Lucas' team in Manchester is researching the importance of daylight and whether getting outside to make the most of it can help counter the disorienting effect on our daily bodily rhythms caused by artificial light in the evenings.

In the evening, softer light may be helpful.
Photograph: Supplied by model; Westend61/Getty Images

“There is an understanding that exposure to light in the evening and at night is detrimental to this body clock,” he says. “But what has also happened is that because of electric lighting, we can spend most of our days indoors, which means that we also No exposure to natural, very bright daylight to which we have been exposed throughout our evolutionary history. Changing the light during the day will be an easier task for most people than changing the light in the evening and at night, right?” In other words, it is harder to persuade people to stop watching TV or using social media in the evening than to persuade them to go for a walk outside during the day.

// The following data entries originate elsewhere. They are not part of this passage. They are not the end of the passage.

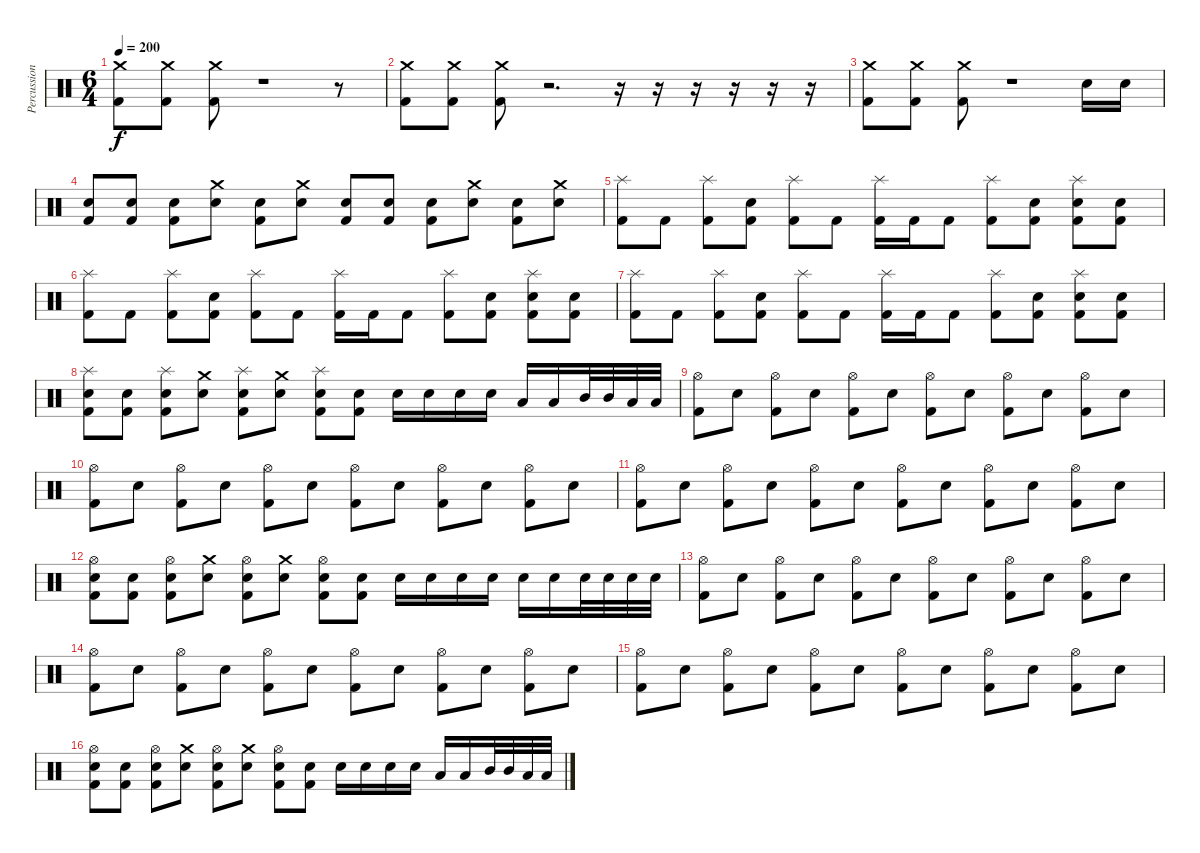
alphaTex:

\track ("Percussion" "Percussion") {instrument percussion}
\staff {score}
\articulation defaults
\ts (6 4)
\tempo 200
\clef neutral
\ks c
("Crash medium (hit)" "Kick (hit) 2").8{dy f} ("Crash medium (hit)" "Kick (hit) 2").8 ("Crash medium (hit)" "Kick (hit) 2").8 r.1 r.8 |
("Crash medium (hit)" "Kick (hit) 2").8 ("Crash medium (hit)" "Kick (hit) 2").8 ("Crash medium (hit)" "Kick (hit) 2").8 r.2{d} r.16 r.16 r.16 r.16 r.16 r.16 |
("Crash medium (hit)" "Kick (hit) 2").8 ("Crash medium (hit)" "Kick (hit) 2").8 ("Crash medium (hit)" "Kick (hit) 2").8 r.1 "Electric Snare (hit)".16 "Electric Snare (hit)".16 |
("Electric Snare (hit)" "Kick (hit) 2").8 ("Electric Snare (hit)" "Kick (hit) 2").8 ("Electric Snare (hit)" "Kick (hit) 2").8 ("Crash medium (hit)" "Electric Snare (hit)").8 ("Electric Snare (hit)" "Kick (hit) 2").8 ("Crash medium (hit)" "Electric Snare (hit)").8 ("Electric Snare (hit)" "Kick (hit) 2").8 ("Electric Snare (hit)" "Kick (hit) 2").8 ("Electric Snare (hit)" "Kick (hit) 2").8 ("Crash medium (hit)" "Electric Snare (hit)").8 ("Electric Snare (hit)" "Kick (hit) 2").8 ("Crash medium (hit)" "Electric Snare (hit)").8 |
("Splash (hit)" "Kick (hit) 2").8 "Kick (hit) 2".8 ("Splash (hit)" "Kick (hit) 2").8 ("Electric Snare (hit)" "Kick (hit) 2").8 ("Splash (hit)" "Kick (hit) 2").8 "Kick (hit) 2".8 ("Splash (hit)" "Kick (hit) 2").16 "Kick (hit) 2".16 "Kick (hit) 2".8 ("Splash (hit)" "Kick (hit) 2").8 ("Electric Snare (hit)" "Kick (hit) 2").8 ("Splash (hit)" "Electric Snare (hit)" "Kick (hit) 2").8 ("Electric Snare (hit)" "Kick (hit) 2").8 |
("Splash (hit)" "Kick (hit) 2").8 "Kick (hit) 2".8 ("Splash (hit)" "Kick (hit) 2").8 ("Electric Snare (hit)" "Kick (hit) 2").8 ("Splash (hit)" "Kick (hit) 2").8 "Kick (hit) 2".8 ("Splash (hit)" "Kick (hit) 2").16 "Kick (hit) 2".16 "Kick (hit) 2".8 ("Splash (hit)" "Kick (hit) 2").8 ("Electric Snare (hit)" "Kick (hit) 2").8 ("Splash (hit)" "Electric Snare (hit)" "Kick (hit) 2").8 ("Electric Snare (hit)" "Kick (hit) 2").8 |
("Splash (hit)" "Kick (hit) 2").8 "Kick (hit) 2".8 ("Splash (hit)" "Kick (hit) 2").8 ("Electric Snare (hit)" "Kick (hit) 2").8 ("Splash (hit)" "Kick (hit) 2").8 "Kick (hit) 2".8 ("Splash (hit)" "Kick (hit) 2").16 "Kick (hit) 2".16 "Kick (hit) 2".8 ("Splash (hit)" "Kick (hit) 2").8 ("Electric Snare (hit)" "Kick (hit) 2").8 ("Splash (hit)" "Electric Snare (hit)" "Kick (hit) 2").8 ("Electric Snare (hit)" "Kick (hit) 2").8 |
("Splash (hit)" "Electric Snare (hit)" "Kick (hit) 2").8 ("Electric Snare (hit)" "Kick (hit) 2").8 ("Splash (hit)" "Electric Snare (hit)" "Kick (hit) 2").8 ("Crash medium (hit)" "Electric Snare (hit)").8 ("Splash (hit)" "Electric Snare (hit)" "Kick (hit) 2").8 ("Crash medium (hit)" "Electric Snare (hit)").8 ("Splash (hit)" "Electric Snare (hit)" "Kick (hit) 2").8 ("Electric Snare (hit)" "Kick (hit) 2").8 "Electric Snare (hit)".16 "Electric Snare (hit)".16 "Electric Snare (hit)".16 "Electric Snare (hit)".16 "Low Tom (hit)".16 "Low Tom (hit)".16 "Mid Tom (hit)".32 "Mid Tom (hit)".32 "Low Floor Tom (hit)".32 "Low Floor Tom (hit)".32 |
("Hi-Hat (open)" "Kick (hit) 2").8 "Electric Snare (hit)".8 ("Hi-Hat (open)" "Kick (hit) 2").8 "Electric Snare (hit)".8 ("Hi-Hat (open)" "Kick (hit) 2").8 "Electric Snare (hit)".8 ("Hi-Hat (open)" "Kick (hit) 2").8 "Electric Snare (hit)".8 ("Hi-Hat (open)" "Kick (hit) 2").8 "Electric Snare (hit)".8 ("Hi-Hat (open)" "Kick (hit) 2").8 "Electric Snare (hit)".8 |
("Hi-Hat (open)" "Kick (hit) 2").8 "Electric Snare (hit)".8 ("Hi-Hat (open)" "Kick (hit) 2").8 "Electric Snare (hit)".8 ("Hi-Hat (open)" "Kick (hit) 2").8 "Electric Snare (hit)".8 ("Hi-Hat (open)" "Kick (hit) 2").8 "Electric Snare (hit)".8 ("Hi-Hat (open)" "Kick (hit) 2").8 "Electric Snare (hit)".8 ("Hi-Hat (open)" "Kick (hit) 2").8 "Electric Snare (hit)".8 |
("Hi-Hat (open)" "Kick (hit) 2").8 "Electric Snare (hit)".8 ("Hi-Hat (open)" "Kick (hit) 2").8 "Electric Snare (hit)".8 ("Hi-Hat (open)" "Kick (hit) 2").8 "Electric Snare (hit)".8 ("Hi-Hat (open)" "Kick (hit) 2").8 "Electric Snare (hit)".8 ("Hi-Hat (open)" "Kick (hit) 2").8 "Electric Snare (hit)".8 ("Hi-Hat (open)" "Kick (hit) 2").8 "Electric Snare (hit)".8 |
("Hi-Hat (open)" "Electric Snare (hit)" "Kick (hit) 2").8 ("Electric Snare (hit)" "Kick (hit) 2").8 ("Hi-Hat (open)" "Electric Snare (hit)" "Kick (hit) 2").8 ("Crash medium (hit)" "Electric Snare (hit)").8 ("Hi-Hat (open)" "Electric Snare (hit)" "Kick (hit) 2").8 ("Crash medium (hit)" "Electric Snare (hit)").8 ("Hi-Hat (open)" "Electric Snare (hit)" "Kick (hit) 2").8 ("Electric Snare (hit)" "Kick (hit) 2").8 "Electric Snare (hit)".16 "Electric Snare (hit)".16 "Electric Snare (hit)".16 "Electric Snare (hit)".16 "Electric Snare (hit)".16 "Electric Snare (hit)".16 "Electric Snare (hit)".32 "Electric Snare (hit)".32 "Electric Snare (hit)".32 "Electric Snare (hit)".32 |
("Hi-Hat (open)" "Kick (hit) 2").8 "Electric Snare (hit)".8 ("Hi-Hat (open)" "Kick (hit) 2").8 "Electric Snare (hit)".8 ("Hi-Hat (open)" "Kick (hit) 2").8 "Electric Snare (hit)".8 ("Hi-Hat (open)" "Kick (hit) 2").8 "Electric Snare (hit)".8 ("Hi-Hat (open)" "Kick (hit) 2").8 "Electric Snare (hit)".8 ("Hi-Hat (open)" "Kick (hit) 2").8 "Electric Snare (hit)".8 |
("Hi-Hat (open)" "Kick (hit) 2").8 "Electric Snare (hit)".8 ("Hi-Hat (open)" "Kick (hit) 2").8 "Electric Snare (hit)".8 ("Hi-Hat (open)" "Kick (hit) 2").8 "Electric Snare (hit)".8 ("Hi-Hat (open)" "Kick (hit) 2").8 "Electric Snare (hit)".8 ("Hi-Hat (open)" "Kick (hit) 2").8 "Electric Snare (hit)".8 ("Hi-Hat (open)" "Kick (hit) 2").8 "Electric Snare (hit)".8 |
("Hi-Hat (open)" "Kick (hit) 2").8 "Electric Snare (hit)".8 ("Hi-Hat (open)" "Kick (hit) 2").8 "Electric Snare (hit)".8 ("Hi-Hat (open)" "Kick (hit) 2").8 "Electric Snare (hit)".8 ("Hi-Hat (open)" "Kick (hit) 2").8 "Electric Snare (hit)".8 ("Hi-Hat (open)" "Kick (hit) 2").8 "Electric Snare (hit)".8 ("Hi-Hat (open)" "Kick (hit) 2").8 "Electric Snare (hit)".8 |
("Hi-Hat (open)" "Electric Snare (hit)" "Kick (hit) 2").8 ("Electric Snare (hit)" "Kick (hit) 2").8 ("Hi-Hat (open)" "Electric Snare (hit)" "Kick (hit) 2").8 ("Crash medium (hit)" "Electric Snare (hit)").8 ("Hi-Hat (open)" "Electric Snare (hit)" "Kick (hit) 2").8 ("Crash medium (hit)" "Electric Snare (hit)").8 ("Hi-Hat (open)" "Electric Snare (hit)" "Kick (hit) 2").8 ("Electric Snare (hit)" "Kick (hit) 2").8 "Electric Snare (hit)".16 "Electric Snare (hit)".16 "Electric Snare (hit)".16 "Electric Snare (hit)".16 "Low Tom (hit)".16 "Low Tom (hit)".16 "Mid Tom (hit)".32 "Mid Tom (hit)".32 "Low Floor Tom (hit)".32 "Low Floor Tom (hit)".32

It's all about routine, which Lucas says is very individual, so it's difficult to generalize about the exact biological coordinates throughout the day. “As soon as you say, 'People sleep best at night,' there will be someone who says, 'Actually, I really like staying up until four.' There are large inter-individual differences in these things.” He noticed that as he got older, his daily routine changed. “Now I wake up at six in the morning. When I was 18, that wasn't the case. So they're definitely flexible and pliable.”

But the universal truth, Lucas says, “is that everyone will experience these rhythmic changes in virtually every aspect of their body.” And perhaps to stay in tune with ourselves, it is worth remembering the complex changes throughout the body that occur beyond what we feel at any moment.

“Your experiences in life may make you feel sleepy,” says Lucas, “but underneath that there are a lot of things your body needs to prepare for. The same thing happens when you're hungry, frisky, etc.”